The book is written and read well by the author, a well known, award winning actress, but I am not sure what purpose she wished to accomplish by writing it, except perhaps to clear up her own conscience as she reviewed her life and perhaps to right some wrongs she committed along her path to stardom. I did not find the memoir compelling, and I am not sure that there were enough reviews yet written to justify the glorious praise being given to it. It consists of a short series of letters written to people involved in her life, people with whom she interacted, with whom she had relationships, people whom she abused, people whom she loved dearly, people who influenced her, and pets that she adored. Also, keep it in mind that she is still a young woman, hopefully with many more years to live. Born in 1964, she is only just entering her 50’s, so the memoir is by that very nature, brief.
In the letters she wrote to these people, even one to the unknown man who might become the husband of her now middle school aged daughter, she offers her advice and apologies, and in some cases, condemnations as she explains her past. She writes about her children, her parents, her siblings, friends, teachers, lovers, animals, taxi drivers, designers, fellow actors, and others, but especially praises the oyster harvester who managed, against all odds, to bring her father his last meal before he succumbed to a grave illness. She invites us to be voyeurs, looking into the window of her life as she explores it.
The author loved her father deeply, and the final pages of the book were the most moving expression of her emotion and the most poignant for me. Prior to that I simply felt she was reviewing and critiquing her sexual exploits and partners and was attempting to prove that she had mastered the use of crude, descriptive language. I found some of the letters to be more interesting and revealing than others, like those describing her childbirth experience, her near death experience, and those involving her father. Others were confusing, without a timeline or purposeful direction.

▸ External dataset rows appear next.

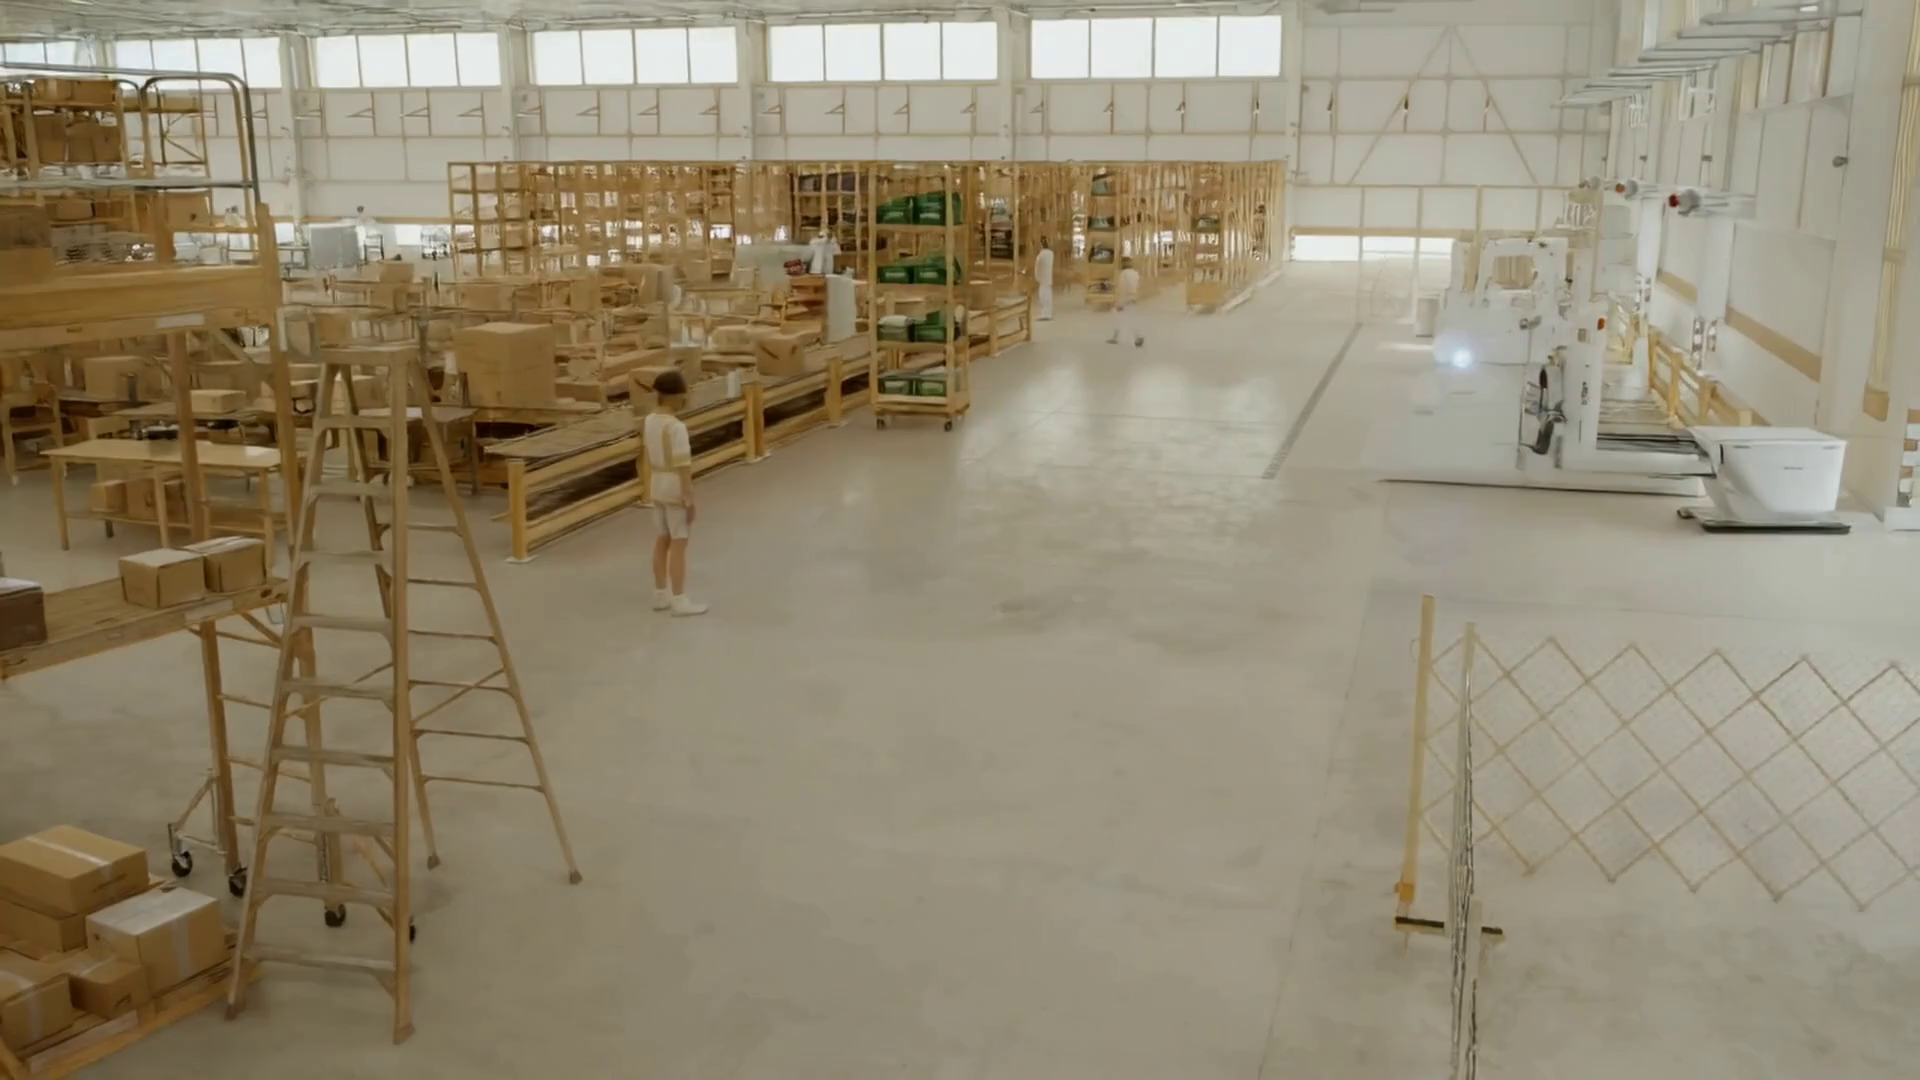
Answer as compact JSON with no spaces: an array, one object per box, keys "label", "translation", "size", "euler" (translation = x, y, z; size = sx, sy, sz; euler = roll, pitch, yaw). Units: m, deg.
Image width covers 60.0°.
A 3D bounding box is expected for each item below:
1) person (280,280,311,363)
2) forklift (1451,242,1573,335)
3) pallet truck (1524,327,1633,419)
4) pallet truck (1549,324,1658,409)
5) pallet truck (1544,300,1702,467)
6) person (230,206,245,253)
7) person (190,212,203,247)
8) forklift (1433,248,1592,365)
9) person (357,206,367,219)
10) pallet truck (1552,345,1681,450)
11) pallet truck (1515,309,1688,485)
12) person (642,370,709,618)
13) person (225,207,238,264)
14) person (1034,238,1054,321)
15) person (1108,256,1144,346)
[{"label":"person","translation":[-11.857,-3.794,29.136],"size":[0.735,1.743,0.526],"euler":[-2,13,-9]},{"label":"forklift","translation":[10.464,-4.597,31.405],"size":[2.680,1.987,1.157],"euler":[4,14,16]},{"label":"pallet truck","translation":[9.065,-2.460,24.370],"size":[1.522,1.261,0.704],"euler":[3,13,14]},{"label":"pallet truck","translation":[9.824,-2.669,25.407],"size":[1.601,1.201,0.680],"euler":[4,14,16]},{"label":"pallet truck","translation":[8.263,-1.952,20.631],"size":[1.885,1.965,0.823],"euler":[5,14,20]},{"label":"person","translation":[-27.072,-11.534,62.195],"size":[0.567,1.917,0.477],"euler":[2,13,8]},{"label":"person","translation":[-27.604,-10.982,60.167],"size":[0.545,1.751,0.366],"euler":[6,14,25]},{"label":"forklift","translation":[9.780,-4.111,29.280],"size":[2.680,1.987,1.157],"euler":[3,13,14]},{"label":"person","translation":[-23.166,-12.064,64.720],"size":[0.796,1.820,0.633],"euler":[-2,13,-10]},{"label":"pallet truck","translation":[8.641,-1.896,21.908],"size":[1.630,1.274,0.653],"euler":[4,14,16]},{"label":"pallet truck","translation":[7.554,-1.677,19.446],"size":[1.885,1.965,0.823],"euler":[3,13,14]},{"label":"person","translation":[-2.365,-0.380,13.741],"size":[0.375,2.044,0.607],"euler":[-11,17,-40]},{"label":"person","translation":[-25.620,-10.711,58.508],"size":[0.408,1.987,0.607],"euler":[2,13,9]},{"label":"person","translation":[1.919,-6.008,38.367],"size":[0.402,1.898,0.652],"euler":[6,15,26]},{"label":"person","translation":[3.384,-4.801,33.405],"size":[0.608,1.789,0.932],"euler":[-10,16,-36]}]
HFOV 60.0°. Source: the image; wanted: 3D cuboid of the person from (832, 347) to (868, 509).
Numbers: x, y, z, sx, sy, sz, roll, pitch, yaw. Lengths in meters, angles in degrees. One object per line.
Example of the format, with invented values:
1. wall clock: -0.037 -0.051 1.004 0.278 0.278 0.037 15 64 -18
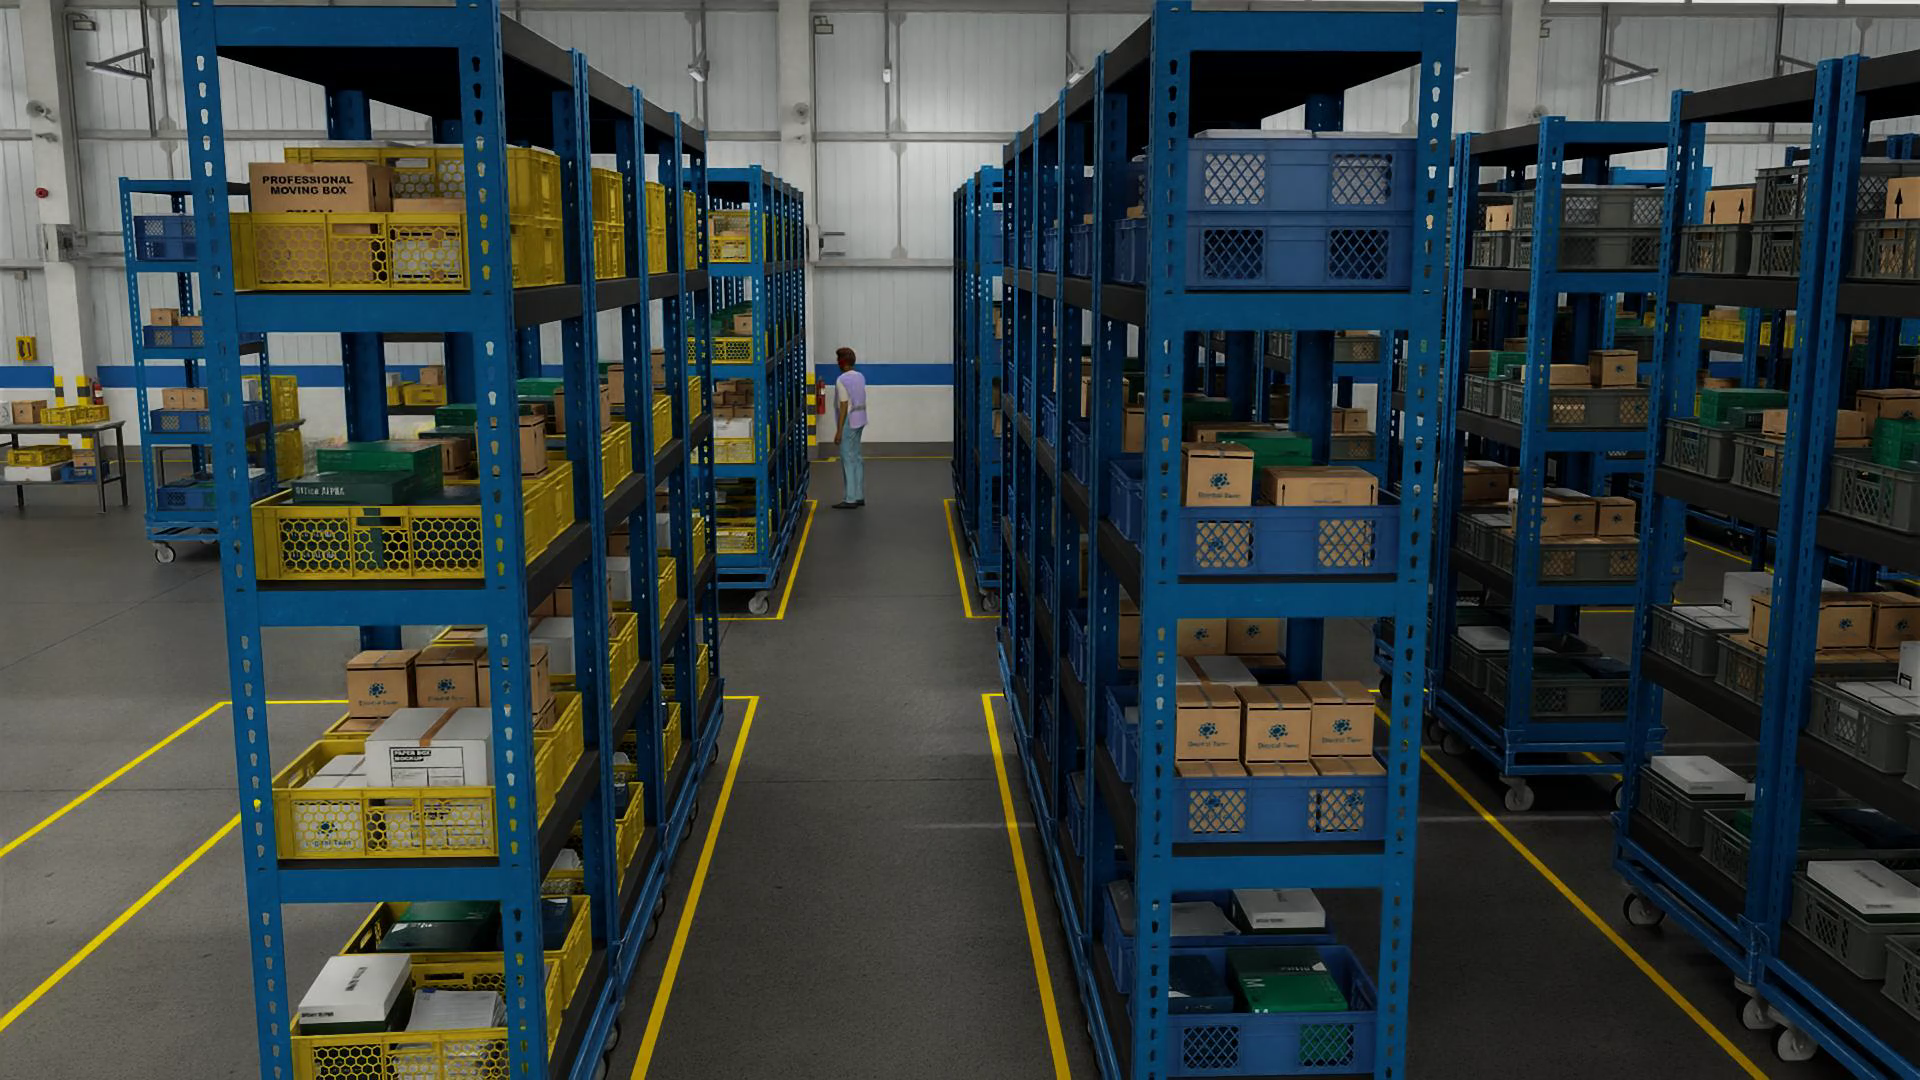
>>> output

The author’s parents were married for more than 6 decades; Mary-Louise Parker never married. She is the mother of two children. One, a young boy born in 2004, and the other, a child she adopted in 2007, from Ethiopia.
The memoir seemed to be helping her to work through the events, tragedies and joys of her life, but it is a picture of someone who spent a lot of time being unhappy and angry, defying the rules and generally often behaving irresponsibly, until she finally “came of age”. Although her father was excessively ethical, she seemed to be exactly the opposite, possibly in rebellion. His overzealous adherence to rules created chaos in his life since he could not bend rules under any circumstance; she, on the other hand, took pleasure in doing just that.
I did not bond with this book. Often I zoned out and forgot what I was listening to because the author made no connection with me. Growing up, while the author seemed sometimes reckless, my coming of age was the polar opposite; I did not have the luxury of being irresponsible, and so I followed the letter of the law. Still, the memoir is written with a light sense of humor and subtle wit as she describes her reactions to certain events in her life and her feelings about certain people, so if it is your cup of tea to read a book that will not tax your brain, and if you like to read about the rich and famous, have at it!